The above exception was the direct cause of the following exception:

Traceback (most recent call last): File "/home/yuanfa/miniconda3/envs/r2t/bin/read2tree", line 16, in main(sys.argv[1:], exe_name=exe_name(), desc=desc) File "/home/yuanfa/miniconda3/envs/r2t/lib/python3.10/site-packages/read2tree/main.py", line 291, in main alignments = Aligner(args, ogset.ogs, load=True) File "/home/yuanfa/miniconda3/envs/r2t/lib/python3.10/site-packages/read2tree/Aligner.py", line 51, in init self.alignments = self._align(og_set) File "/home/yuanfa/miniconda3/envs/r2t/lib/python3.10/site-packages/read2tree/Aligner.py", line 330, in _align res_align = p.map(self._align_worker, og_chunks) File "/home/yuanfa/miniconda3/envs/r2t/lib/python3.10/multiprocessing/pool.py", line 367, in map return self._map_async(func, iterable, mapstar, chunksize).get() File "/home/yuanfa/miniconda3/envs/r2t/lib/python3.10/multiprocessing/pool.py", line 774, in get raise self._value KeyError: 'X0022'

Is there something to do with this specific line in the Aligner.py script?

sinamajidian commented 1 year ago

Dear @yuanf28

Thanks for reaching out.

I assume that you used the corona oma browser to download the gene markers using this link as mentioned in the wiki. (If this is not the case, please let us know how you did that.)

After this step, the cdna of the genes should be downloaded from here and unzipped.

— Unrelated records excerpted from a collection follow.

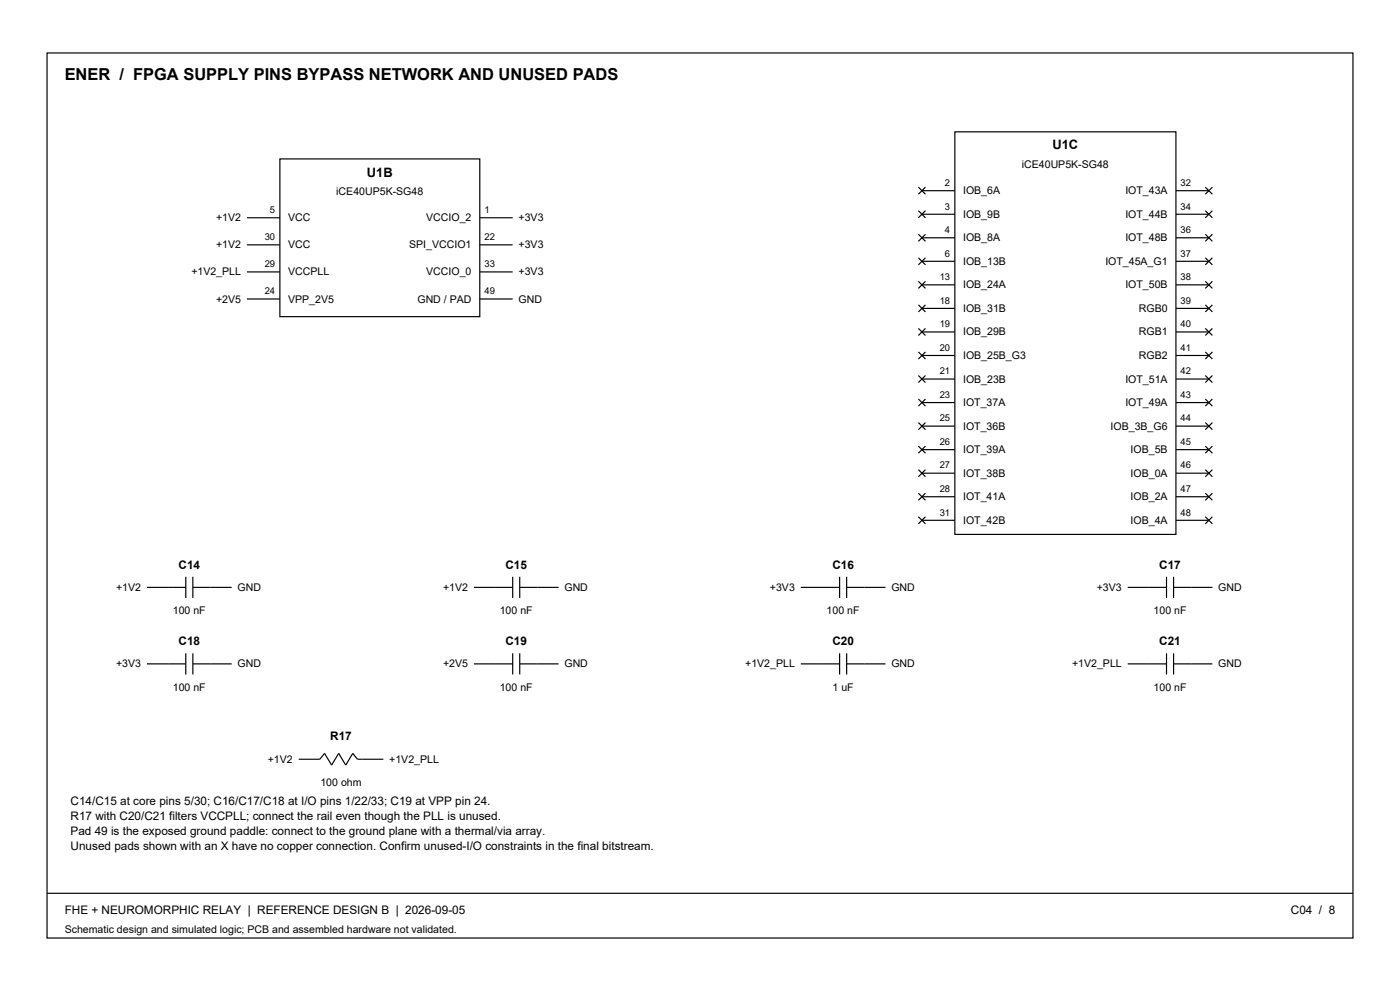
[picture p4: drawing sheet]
<svg xmlns="http://www.w3.org/2000/svg" width="420mm" height="297mm" viewBox="0 0 420 297" stroke-linecap="round" stroke-linejoin="round" font-family="sans-serif">
<defs><g id="words">
<text font-size="4.9" x="19.4" y="24">ENER / FPGA SUPPLY PINS BYPASS NETWORK AND UNUSED PADS</text>
<g font-size="3.9">
<text x="315.7" y="44.8">U1C</text>
<text x="110.1" y="52.9">U1B</text>
</g>
<g font-size="3.5">
<text x="53.6" y="170.4">C14</text>
<text x="151.6" y="170.4">C15</text>
<text x="249.7" y="170.4">C16</text>
<text x="347.8" y="170.4">C17</text>
<text x="53.6" y="193.3">C18</text>
<text x="151.6" y="193.3">C19</text>
<text x="249.7" y="193.3">C20</text>
<text x="347.8" y="193.3">C21</text>
<text x="99.1" y="221.9">R17</text>
<text x="21.2" y="241.3">C14/C15 at core pins 5/30; C16/C17/C18 at I/O pins 1/22/33; C19 at VPP pin 24.</text>
<text x="21.2" y="245.8">R17 with C20/C21 filters VCCPLL; connect the rail even though the PLL is unused.</text>
<text x="21.2" y="250.3">Pad 49 is the exposed ground paddle: connect to the ground plane with a thermal/via array.</text>
<text x="21.2" y="254.8">Unused pads shown with an X have no copper connection. Confirm unused-I/O constraints in the final bitstream.</text>
<text x="19.4" y="274.1">FHE + NEUROMORPHIC RELAY | REFERENCE DESIGN B | 2026-09-05</text>
<text x="387.3" y="274.1">C04 / 8</text>
</g>
<g font-size="3.2">
<text x="306.6" y="50.4">iCE40UP5K-SG48</text>
<text x="100.9" y="58.6">iCE40UP5K-SG48</text>
<text x="288.9" y="58.2">IOB_6A</text>
<text x="337.6" y="58.2">IOT_43A</text>
<text x="288.9" y="65.3">IOB_9B</text>
<text x="337.6" y="65.3">IOT_44B</text>
<text x="64.8" y="66.3">+1V2</text>
<text x="86.4" y="66.3">VCC</text>
<text x="127.9" y="66.3">VCCIO_2</text>
<text x="155.6" y="66.3">+3V3</text>
<text x="64.8" y="74.4">+1V2</text>
<text x="86.4" y="74.4">VCC</text>
<text x="122.8" y="74.4">SPI_VCCIO1</text>
<text x="155.6" y="74.4">+3V3</text>
<text x="288.9" y="72.3">IOB_8A</text>
<text x="337.6" y="72.3">IOT_48B</text>
<text x="57.4" y="82.5">+1V2_PLL</text>
<text x="86.4" y="82.5">VCCPLL</text>
<text x="127.9" y="82.5">VCCIO_0</text>
<text x="155.6" y="82.5">+3V3</text>
<text x="288.9" y="79.4">IOB_13B</text>
<text x="331.6" y="79.4">IOT_45A_G1</text>
<text x="288.9" y="86.4">IOB_24A</text>
<text x="337.6" y="86.4">IOT_50B</text>
<text x="64.8" y="90.7">+2V5</text>
<text x="86.4" y="90.7">VPP_2V5</text>
<text x="125.2" y="90.7">GND / PAD</text>
<text x="155.6" y="90.7">GND</text>
<text x="288.9" y="93.5">IOB_31B</text>
<text x="341.7" y="93.5">RGB0</text>
<text x="288.9" y="100.5">IOB_29B</text>
<text x="341.7" y="100.5">RGB1</text>
<text x="288.9" y="107.6">IOB_25B_G3</text>
<text x="341.7" y="107.6">RGB2</text>
<text x="288.9" y="114.7">IOB_23B</text>
<text x="337.6" y="114.7">IOT_51A</text>
<text x="288.9" y="121.7">IOT_37A</text>
<text x="337.6" y="121.7">IOT_49A</text>
<text x="288.9" y="128.8">IOT_36B</text>
<text x="333.2" y="128.8">IOB_3B_G6</text>
<text x="288.9" y="135.8">IOT_39A</text>
<text x="339.2" y="135.8">IOB_5B</text>
<text x="288.9" y="142.9">IOT_38B</text>
<text x="339.2" y="142.9">IOB_0A</text>
<text x="288.9" y="149.9">IOT_41A</text>
<text x="339.2" y="149.9">IOB_2A</text>
<text x="288.9" y="157">IOT_42B</text>
<text x="339.2" y="157">IOB_4A</text>
<text x="34.8" y="177.1">+1V2</text>
<text x="71.3" y="177.1">GND</text>
<text x="132.9" y="177.1">+1V2</text>
<text x="169.3" y="177.1">GND</text>
<text x="231" y="177.1">+3V3</text>
<text x="267.4" y="177.1">GND</text>
<text x="329" y="177.1">+3V3</text>
<text x="365.5" y="177.1">GND</text>
<text x="51.9" y="184.1">100 nF</text>
<text x="149.9" y="184.1">100 nF</text>
<text x="248" y="184.1">100 nF</text>
<text x="346.1" y="184.1">100 nF</text>
<text x="34.8" y="200">+3V3</text>
<text x="71.3" y="200">GND</text>
<text x="132.9" y="200">+2V5</text>
<text x="169.3" y="200">GND</text>
<text x="223.6" y="200">+1V2_PLL</text>
<text x="267.4" y="200">GND</text>
<text x="321.6" y="200">+1V2_PLL</text>
<text x="365.5" y="200">GND</text>
<text x="51.9" y="207.1">100 nF</text>
<text x="149.9" y="207.1">100 nF</text>
<text x="249.8" y="207.1">1 uF</text>
<text x="346.1" y="207.1">100 nF</text>
<text x="80.3" y="228.6">+1V2</text>
<text x="116.8" y="228.6">+1V2_PLL</text>
<text x="96.1" y="235.7">100 ohm</text>
<text x="19.4" y="279.7">Schematic design and simulated logic; PCB and assembled hardware not validated.</text>
</g>
<g font-size="2.8">
<text x="283.5" y="55.7">2</text>
<text x="354.2" y="55.7">32</text>
<text x="81" y="63.9">5</text>
<text x="145.3" y="63.9">1</text>
<text x="283.5" y="62.8">3</text>
<text x="354.2" y="62.8">34</text>
<text x="79.4" y="72">30</text>
<text x="145.3" y="72">22</text>
<text x="283.5" y="69.8">4</text>
<text x="354.2" y="69.8">36</text>
<text x="283.5" y="76.9">6</text>
<text x="354.2" y="76.9">37</text>
<text x="79.4" y="80.1">29</text>
<text x="145.3" y="80.1">33</text>
<text x="281.9" y="84">13</text>
<text x="354.2" y="84">38</text>
<text x="79.4" y="88.2">24</text>
<text x="145.3" y="88.2">49</text>
<text x="281.9" y="91">18</text>
<text x="354.2" y="91">39</text>
<text x="281.9" y="98.1">19</text>
<text x="354.2" y="98.1">40</text>
<text x="281.9" y="105.1">20</text>
<text x="354.2" y="105.1">41</text>
<text x="281.9" y="112.2">21</text>
<text x="354.2" y="112.2">42</text>
<text x="281.9" y="119.2">23</text>
<text x="354.2" y="119.2">43</text>
<text x="281.9" y="126.3">25</text>
<text x="354.2" y="126.3">44</text>
<text x="281.9" y="133.3">26</text>
<text x="354.2" y="133.3">45</text>
<text x="281.9" y="140.4">27</text>
<text x="354.2" y="140.4">46</text>
<text x="281.9" y="147.5">28</text>
<text x="354.2" y="147.5">47</text>
<text x="281.9" y="154.5">31</text>
<text x="354.2" y="154.5">48</text>
</g>
</g></defs>
<g fill="none" stroke="#000" stroke-width=".35">
<path d="M14.1 15.9h391.8v265.2h-391.8zM286.5 39.5h66.3v120.7h-66.3zM84 47.6h59.9v47.3h-59.9zM275.5 56.1l2.1 2.1M276.6 57.2h9.9M277.6 56.1l-2.1 2.1M352.8 57.2h9.9M361.6 56.1l2.1 2.1M363.7 56.1l-2.1 2.1M74.1 65.3h9.9M74.1 73.4h9.9M143.9 65.3h9.9"/>
<path d="M143.9 73.4h9.9M275.5 63.1l2.1 2.2M275.5 70.2l2.1 2.1M275.5 77.3l2.1 2.1M276.6 64.2h9.9M276.6 71.3h9.9M276.6 78.3h9.9M277.6 63.1l-2.1 2.2M277.6 70.2l-2.1 2.1M277.6 77.3l-2.1 2.1M352.8 64.2h9.9M352.8 71.3h9.9"/>
<path d="M352.8 78.3h9.9M361.6 63.1l2.1 2.2M361.6 70.2l2.1 2.1M361.6 77.3l2.1 2.1M363.7 63.1l-2.1 2.2M363.7 70.2l-2.1 2.1M363.7 77.3l-2.1 2.1M74.1 81.5h9.9M74.1 89.6h9.9M143.9 81.5h9.9M143.9 89.6h9.9M275.5 84.3l2.1 2.1"/>
<path d="M275.5 91.4l2.1 2.1M275.5 98.4l2.1 2.1M276.6 85.4h9.9M276.6 92.4h9.9M276.6 99.5h9.9M277.6 84.3l-2.1 2.1M277.6 91.4l-2.1 2.1M277.6 98.4l-2.1 2.1M352.8 85.4h9.9M352.8 92.4h9.9M352.8 99.5h9.9M361.6 84.3l2.1 2.1"/>
<path d="M361.6 91.4l2.1 2.1M361.6 98.4l2.1 2.1M363.7 84.3l-2.1 2.1M363.7 91.4l-2.1 2.1M363.7 98.4l-2.1 2.1M275.5 105.5l2.1 2.1M275.5 112.5l2.1 2.2M275.5 119.6l2.1 2.1M276.6 106.5h9.9M276.6 113.6h9.9M277.6 105.5l-2.1 2.1M277.6 112.5l-2.1 2.2"/>
<path d="M277.6 119.6l-2.1 2.1M352.8 106.5h9.9M352.8 113.6h9.9M361.6 105.5l2.1 2.1M361.6 112.5l2.1 2.2M361.6 119.6l2.1 2.1M363.7 105.5l-2.1 2.1M363.7 112.5l-2.1 2.2M363.7 119.6l-2.1 2.1M275.5 126.6l2.1 2.2M275.5 133.7l2.1 2.1M276.6 120.6h9.9"/>
<path d="M276.6 127.7h9.9M276.6 134.8h9.9M277.6 126.6l-2.1 2.2M277.6 133.7l-2.1 2.1M352.8 120.6h9.9M352.8 127.7h9.9M352.8 134.8h9.9M361.6 126.6l2.1 2.2M361.6 133.7l2.1 2.1M363.7 126.6l-2.1 2.2M363.7 133.7l-2.1 2.1M275.5 140.8l2.1 2.1"/>
<path d="M275.5 147.8l2.1 2.1M275.5 154.9l2.1 2.1M276.6 141.8h9.9M276.6 148.9h9.9M276.6 155.9h9.9M277.6 140.8l-2.1 2.1M277.6 147.8l-2.1 2.1M277.6 154.9l-2.1 2.1M352.8 141.8h9.9M352.8 148.9h9.9M352.8 155.9h9.9M361.6 140.8l2.1 2.1"/>
<path d="M361.6 147.8l2.1 2.1M361.6 154.9l2.1 2.1M363.7 140.8l-2.1 2.1M363.7 147.8l-2.1 2.1M363.7 154.9l-2.1 2.1M44.1 176h11.6M55.7 172.9v6.3M57.9 176h11.6M57.9 172.9v6.3M142.2 176h11.6M153.8 172.9v6.3M155.9 176h11.7"/>
<path d="M155.9 172.9v6.3M240.2 176h11.7M251.9 172.9v6.3M254 176h11.6M254 172.9v6.3M338.3 176h11.7M350 172.9v6.3M352.1 176h11.6M352.1 172.9v6.3M44.1 199h11.6M55.7 195.8v6.3M57.9 195.8v6.3"/>
<path d="M57.9 199h11.6M142.2 199h11.6M153.8 195.8v6.3M155.9 195.8v6.3M155.9 199h11.7M240.2 199h11.7M251.9 195.8v6.3M254 195.8v6.3M254 199h11.6M338.3 199h11.7M350 195.8v6.3M352.1 195.8v6.3"/>
<path d="M352.1 199h11.6M89.6 227.5h6.4l1.4-1.7 2.1 3.5 2.1-3.5 2.1 3.5 2.1-3.5 1.4 1.7h7.8M14.1 267.7h391.8"/>
</g>
<use href="#words"/>
</svg>

Then, one can run read2tree with

read2tree --standalone_path marker_genes --output_path output  --dna_reference  viruses.cdna.fa   --reference

(Some backend information: without mentioning --dna_reference, read2tree tries to download the cdna of each protein in the marker_genes folder from the main oma browser using Rest API. However, the cornona oma browser is different and read2tree doest use corona api. Thus, the user should provide the cnda file as input.)

Sorry for the inconvenience, I should have mentioned this in the wiki before. And thanks to your comment, we just updated the wiki.

Please let us know whether this works for you or not.

Best regards, Sina

yuanf28 commented 1 year ago

Thank you for your prompt response. I will test it as soon as possible to see if it works properly.

yuanf28 commented 1 year ago

@sinamajidian This works for me. Thanks a lot.